Ever since upgrading our deployment with Federate 7.17.3-27.2 we are starting to see the following responses from time to time from the siren/_search endpoint.
{
"error" : {
"root_cause" : [
{
"type" : "i",
"reason" : "Unable to acquire a search lock on indices MY_INDEX_NAME",
"suppressed" : [
{
"type" : "index_not_found_exception",
"reason" : "no such index [MY_INDEX_NAME]",
"index_uuid" : "XXXXXXXX",
"index" : "MY_INDEX_NAME"
}
]
}
],
"type" : "i",
"reason" : "Unable to acquire a search lock on indices MY_INDEX_NAME",
"suppressed" : [
{
"type" : "index_not_found_exception",
"reason" : "no such index [MY_INDEX_NAME]",
"index_uuid" : "XXXXXXXXXXXX",
"index" : "MY_INDEX_NAME"
}
]
},
"status" : 500
}
It does not occur every single time. Retrying the request can sometimes make the issue go away. I’m not sure why it thinks the index isn’t found because it’s definitely there and I have no issues querying it from the normal Elasticsearch /_search endpoints.
My current workaround is to clone the index and that seems to solve the problem but then within hours or days it will start complaining about the same issue with a different index.
Is this a known issue with this version? Any ideas how to fix this?
Can you please confirm how did you perform the Siren federate upgrade is it a Rolling upgrade? What was the last version of Siren federate?
Also please cross check the disk space generally when the disk space reaches 90%-95% used Elasticsearch indices get locked when there is a shortage of disk space on the server.
These indexes are all part of an alias managed by ILM
There are 6+ nodes and each index has 1 primary and 1 replica shard
All nodes have 1+ TB of free disk space
I have not noticed any shard relocations beyond the usual ILM ones, but the specific indexes in question had been rolled over already
I’ll stress that normal Elasticsearch search requests have no issues on the same indexes.

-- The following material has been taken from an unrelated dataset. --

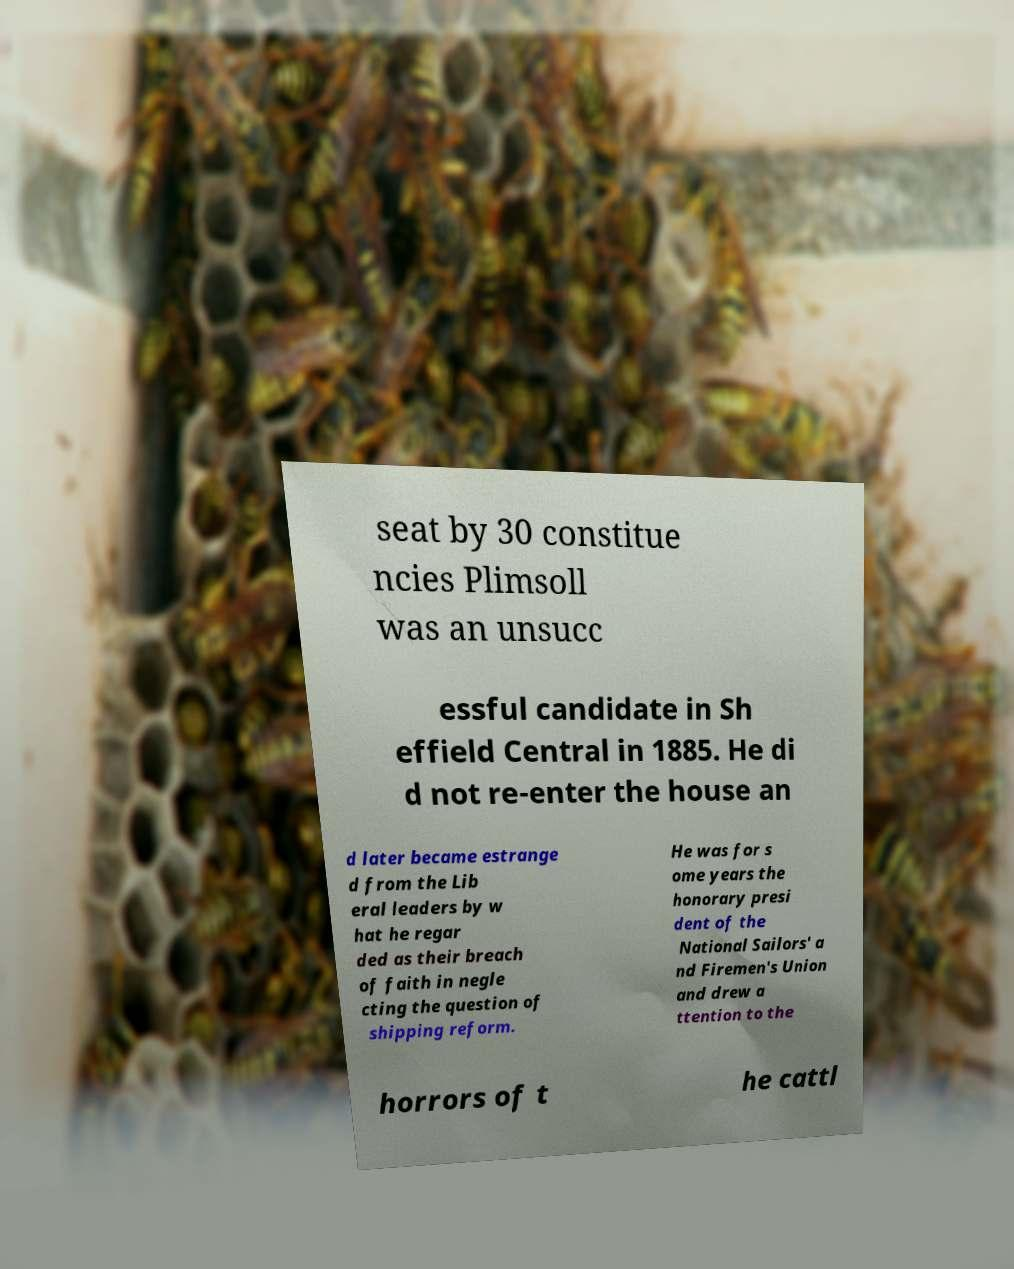Please read and relay the text visible in this image. What does it say? seat by 30 constitue ncies Plimsoll was an unsucc essful candidate in Sh effield Central in 1885. He di d not re-enter the house an d later became estrange d from the Lib eral leaders by w hat he regar ded as their breach of faith in negle cting the question of shipping reform. He was for s ome years the honorary presi dent of the National Sailors' a nd Firemen's Union and drew a ttention to the horrors of t he cattl

It’s only when I switch to the /siren/INDEX/_search endpoint that I see these so it feels plugin-specific rather than a misconfiguration with the underlying index. I cannot think of any configuration change that we have made beyond updating Elasticsearch and the Federate plugin.
Happy to provide any other info you think would be helpful.
I wanted to add that my team just ran into this exact issue. We were upgrading from ES 6.8.2 to 7.17.3-27.2 on a 21 node cluster.
The issue only occurred when running siren queries on indices that had also been written to after the upgrade.
We tried restarting the elastic service on each node and that seemed to resolve the problem. Though we are eager to hear if there is any more information about this issue.
@microsen Just tried restarting the problem cluster and you’re right, restarting seems to have resolved the problem. I’ll report back here if the issue crops back up, but restarting seems to be a valid workaround in the meantime.
I spoke too soon… It seemed to help initially but the errors eventually showed back up. We’re seeing a pattern where it happens after ILM moves and merges an index from a hot to a warm node.
I’ve been running more tests on my end and I believe it has to do with shard location. One of our clusters uses ILM but does not relocate shards to warm nodes and is not giving us these errors.
So, I ran a test where I confirmed that siren searches were responding without errors. I then manually rolled over the index. As soon as the shards moved to their warm nodes siren started throwing the index not found errors. I manually moved the shards back to their original nodes and the siren requests started succeeding again.
I guess the workaround would be to ensure shards don’t move but that only works as a temporary solution because then a single node will start to be overloaded.
@Manu_Agarwal Could you please try replicating the above scenario? We are deployed in Elastic Cloud and are unable to roll back to prior versions of ES + plugin so we’re a bit stuck here.
Thank you for these useful details which allowed us to identify a malfunction related to indices rerouting, we are still investigating on it, and we’ll provide a patch release as soon as possible.
We could replicate the scenario you described, the bug was fully identified and is now fixed.
Thanks again for taking the time to report this issue.
The fix will be available in the next patch release coming shortly.
Looks like the link is working now. We deployed this and ran a few tests with relocating shards and all seems to be resolved! Thank you for your open communication about this issue and quick resolution.